Core genome phylogenetic analysis, phylogrouping, and multilocus sequence typing of W-ExPEC and C-ExPEC isolates

W-ExPEC strains that shared ≥96.03% similarity at the whole genome level with at least one C-ExPEC strain were selected for further analysis. A maximum-likelihood phylogenetic tree was generated using RAxML 8.2.1282 based on the core genome alignments produced by REALPHY v1.13 between W-ExPEC strains (n = 37) and their closest clinical counterparts (n = 38), as well as E. coli strains of known phylogroups28,29,30.

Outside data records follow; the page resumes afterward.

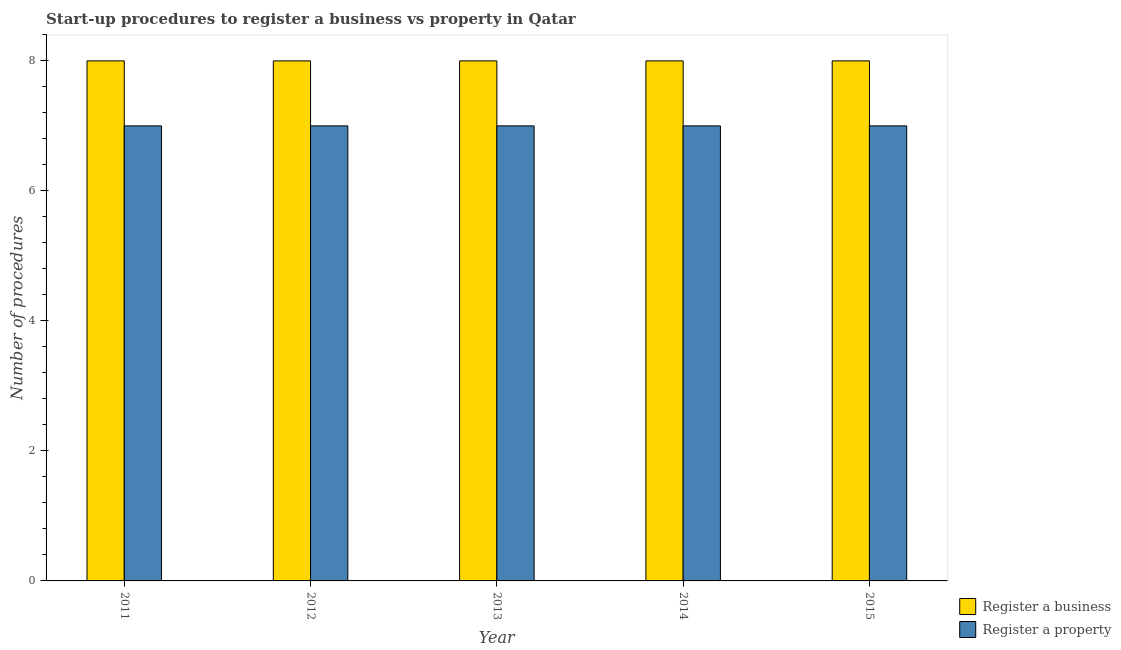How many different coloured bars are there?
Ensure brevity in your answer.  2. How many groups of bars are there?
Offer a very short reply. 5. How many bars are there on the 1st tick from the right?
Keep it short and to the point. 2. What is the label of the 1st group of bars from the left?
Give a very brief answer. 2011. In how many cases, is the number of bars for a given year not equal to the number of legend labels?
Provide a succinct answer. 0. What is the number of procedures to register a property in 2015?
Make the answer very short. 7. Across all years, what is the maximum number of procedures to register a property?
Provide a short and direct response. 7. Across all years, what is the minimum number of procedures to register a property?
Make the answer very short. 7. In which year was the number of procedures to register a property maximum?
Your answer should be very brief. 2011. In which year was the number of procedures to register a property minimum?
Your answer should be very brief. 2011. What is the total number of procedures to register a business in the graph?
Your answer should be compact. 40. What is the difference between the number of procedures to register a business in 2012 and that in 2014?
Ensure brevity in your answer.  0. What is the difference between the number of procedures to register a business in 2013 and the number of procedures to register a property in 2015?
Give a very brief answer. 0. What is the average number of procedures to register a business per year?
Ensure brevity in your answer.  8. In the year 2011, what is the difference between the number of procedures to register a business and number of procedures to register a property?
Keep it short and to the point. 0. In how many years, is the number of procedures to register a business greater than 2?
Provide a short and direct response. 5. Is the number of procedures to register a property in 2013 less than that in 2014?
Provide a short and direct response. No. Is the difference between the number of procedures to register a property in 2012 and 2013 greater than the difference between the number of procedures to register a business in 2012 and 2013?
Offer a very short reply. No. What is the difference between the highest and the lowest number of procedures to register a business?
Make the answer very short. 0. In how many years, is the number of procedures to register a business greater than the average number of procedures to register a business taken over all years?
Ensure brevity in your answer.  0. Is the sum of the number of procedures to register a business in 2013 and 2015 greater than the maximum number of procedures to register a property across all years?
Your response must be concise. Yes. What does the 1st bar from the left in 2015 represents?
Your answer should be compact. Register a business. What does the 1st bar from the right in 2014 represents?
Ensure brevity in your answer.  Register a property. How many bars are there?
Offer a terse response. 10. How many years are there in the graph?
Give a very brief answer. 5. Are the values on the major ticks of Y-axis written in scientific E-notation?
Offer a terse response. No. Does the graph contain any zero values?
Make the answer very short. No. Where does the legend appear in the graph?
Provide a short and direct response. Bottom right. How many legend labels are there?
Ensure brevity in your answer.  2. What is the title of the graph?
Offer a terse response. Start-up procedures to register a business vs property in Qatar. What is the label or title of the X-axis?
Provide a succinct answer. Year. What is the label or title of the Y-axis?
Keep it short and to the point. Number of procedures. What is the Number of procedures of Register a property in 2011?
Ensure brevity in your answer.  7. What is the Number of procedures of Register a business in 2013?
Your answer should be compact. 8. What is the Number of procedures in Register a property in 2013?
Your answer should be very brief. 7. What is the Number of procedures in Register a property in 2014?
Your answer should be compact. 7. What is the Number of procedures of Register a business in 2015?
Give a very brief answer. 8. What is the Number of procedures in Register a property in 2015?
Ensure brevity in your answer.  7. Across all years, what is the maximum Number of procedures of Register a business?
Offer a very short reply. 8. Across all years, what is the maximum Number of procedures of Register a property?
Your response must be concise. 7. Across all years, what is the minimum Number of procedures in Register a business?
Give a very brief answer. 8. What is the total Number of procedures in Register a property in the graph?
Make the answer very short. 35. What is the difference between the Number of procedures in Register a business in 2011 and that in 2012?
Ensure brevity in your answer.  0. What is the difference between the Number of procedures in Register a property in 2011 and that in 2012?
Offer a terse response. 0. What is the difference between the Number of procedures in Register a business in 2011 and that in 2013?
Offer a very short reply. 0. What is the difference between the Number of procedures in Register a business in 2011 and that in 2014?
Your answer should be compact. 0. What is the difference between the Number of procedures of Register a property in 2011 and that in 2014?
Your answer should be very brief. 0. What is the difference between the Number of procedures of Register a business in 2012 and that in 2014?
Your answer should be compact. 0. What is the difference between the Number of procedures of Register a business in 2012 and that in 2015?
Ensure brevity in your answer.  0. What is the difference between the Number of procedures of Register a property in 2012 and that in 2015?
Your answer should be very brief. 0. What is the difference between the Number of procedures in Register a property in 2013 and that in 2014?
Offer a very short reply. 0. What is the difference between the Number of procedures in Register a business in 2013 and that in 2015?
Ensure brevity in your answer.  0. What is the difference between the Number of procedures of Register a business in 2011 and the Number of procedures of Register a property in 2012?
Offer a very short reply. 1. What is the difference between the Number of procedures in Register a business in 2011 and the Number of procedures in Register a property in 2013?
Keep it short and to the point. 1. What is the difference between the Number of procedures of Register a business in 2011 and the Number of procedures of Register a property in 2014?
Your answer should be compact. 1. What is the difference between the Number of procedures in Register a business in 2012 and the Number of procedures in Register a property in 2015?
Ensure brevity in your answer.  1. What is the difference between the Number of procedures in Register a business in 2013 and the Number of procedures in Register a property in 2014?
Give a very brief answer. 1. What is the difference between the Number of procedures of Register a business in 2013 and the Number of procedures of Register a property in 2015?
Keep it short and to the point. 1. What is the difference between the Number of procedures of Register a business in 2014 and the Number of procedures of Register a property in 2015?
Keep it short and to the point. 1. What is the average Number of procedures in Register a property per year?
Offer a terse response. 7. In the year 2011, what is the difference between the Number of procedures in Register a business and Number of procedures in Register a property?
Your response must be concise. 1. In the year 2013, what is the difference between the Number of procedures of Register a business and Number of procedures of Register a property?
Offer a terse response. 1. In the year 2014, what is the difference between the Number of procedures of Register a business and Number of procedures of Register a property?
Ensure brevity in your answer.  1. What is the ratio of the Number of procedures of Register a business in 2011 to that in 2012?
Keep it short and to the point. 1. What is the ratio of the Number of procedures of Register a business in 2011 to that in 2014?
Keep it short and to the point. 1. What is the ratio of the Number of procedures of Register a business in 2011 to that in 2015?
Provide a short and direct response. 1. What is the ratio of the Number of procedures in Register a property in 2011 to that in 2015?
Make the answer very short. 1. What is the ratio of the Number of procedures in Register a business in 2012 to that in 2013?
Provide a succinct answer. 1. What is the ratio of the Number of procedures of Register a property in 2012 to that in 2013?
Your response must be concise. 1. What is the ratio of the Number of procedures in Register a business in 2012 to that in 2015?
Your answer should be compact. 1. What is the ratio of the Number of procedures in Register a property in 2012 to that in 2015?
Offer a terse response. 1. What is the ratio of the Number of procedures in Register a property in 2013 to that in 2015?
Your answer should be very brief. 1. What is the ratio of the Number of procedures in Register a property in 2014 to that in 2015?
Make the answer very short. 1. What is the difference between the highest and the second highest Number of procedures of Register a business?
Provide a short and direct response. 0. What is the difference between the highest and the lowest Number of procedures in Register a property?
Your answer should be very brief. 0.

The phylogroups of the W-ExPEC and C-ExPEC strains were predicted with the ClermonTyping method, using the ClermonTyper (version 21.03) webserver83. Multilocus sequence typing (MLST) analyses were also performed on all presumptive W-ExPEC strains and clinical ExPEC strains using mlst 2.19.0 (https://github.com/tseemann/mlst) with the Escherichia coli #1 scheme. All information pertaining to the bacterial strains included in the phylogenetic analysis can be found in Supplementary Table 4. The phylogenetic tree was then visualized and annotated using the R packages ggplot2 version 3.3.384, ape version 5.4.185 and ggtree version 2.2.486.

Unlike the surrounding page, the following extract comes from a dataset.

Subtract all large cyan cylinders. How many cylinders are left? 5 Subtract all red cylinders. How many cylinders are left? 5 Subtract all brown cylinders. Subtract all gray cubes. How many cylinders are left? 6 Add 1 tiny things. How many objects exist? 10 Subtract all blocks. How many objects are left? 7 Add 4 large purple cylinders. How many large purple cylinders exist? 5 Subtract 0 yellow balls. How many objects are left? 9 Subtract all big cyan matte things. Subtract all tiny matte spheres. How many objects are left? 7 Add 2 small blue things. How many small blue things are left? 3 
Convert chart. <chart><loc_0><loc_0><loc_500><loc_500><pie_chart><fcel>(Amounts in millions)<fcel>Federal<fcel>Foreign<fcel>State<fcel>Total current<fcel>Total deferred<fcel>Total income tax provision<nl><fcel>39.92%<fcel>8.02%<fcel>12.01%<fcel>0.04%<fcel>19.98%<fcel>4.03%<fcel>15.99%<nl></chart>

Pan-genomic analysis, accessory genome clustering tree, and whole genome screening of virulence and antibiotic resistance genes

A pan-genomic analysis of all presumptive W-ExPEC strains (n = 86), clinical NMEC and BBEC strains representing the closest clinical counterparts, reference UPEC strains, naturalized wastewater strains, and laboratory reference strains was performed using Roary 3.13.087. Reference UPEC strains and naturalized wastewater strains were included in the analysis, as previous studies have demonstrated that these subpopulations can be isolated from chlorinated sewage and finished wastewater effluents16,17,23. Laboratory reference E. coli strains (i.e., E. coli K12 MG1655, E. coli K12 W3110, E. coli K12 BW2592, and E. coli ATCC 25922) were included in the analysis to represent a non-pathogenic reference subgroup. All original presumptive W-ExPEC isolates identified were included, including any presumptive W-ExPEC strains without clinical NMEC and BBEC matches as they may still represent strains with extraintestinal pathogenic potential that lacked a suitable clinical counterpart in the repository used for this analysis. An accessory genome phylogenetic analysis was then conducted based on the binary presence and absence of accessory genes within the calculated pan-genome, as determined by Roary 3.13.087. The accessory genome phylogenetic tree was then visualized and annotated using the R packages ggplot2 version 3.3.384, ape version 5.4.185, and ggtree version 2.2.486.

The genomes of the selected W-ExPEC strains and their closest clinical counterparts were also screened for the presence of virulence genes and antibiotic resistance genes for comparison using ABRicate version 1.0.1 (https://github.com/tseemann/abricate), with a minimum query coverage of 90% and a minimum percent identity of ≥80%. For virulence gene identification, W-ExPEC and C-ExPEC genomes were screened against the Virulence Factor Database (VFDB; updated January 12, 2021)88 and Escherichia coli Virulence Factor Database (Ecoli_vf; updated January 12, 2021) (https://github.com/phac-nml/ecoli_vf). For antibiotic resistance gene identification, E. coli genomes were screened against the Comprehensive Antibiotic Resistance Database (CARD; updated January 12, 2021)89. The number of virulence and antibiotic resistance genes were then visualized and appended to the accessory genome tree.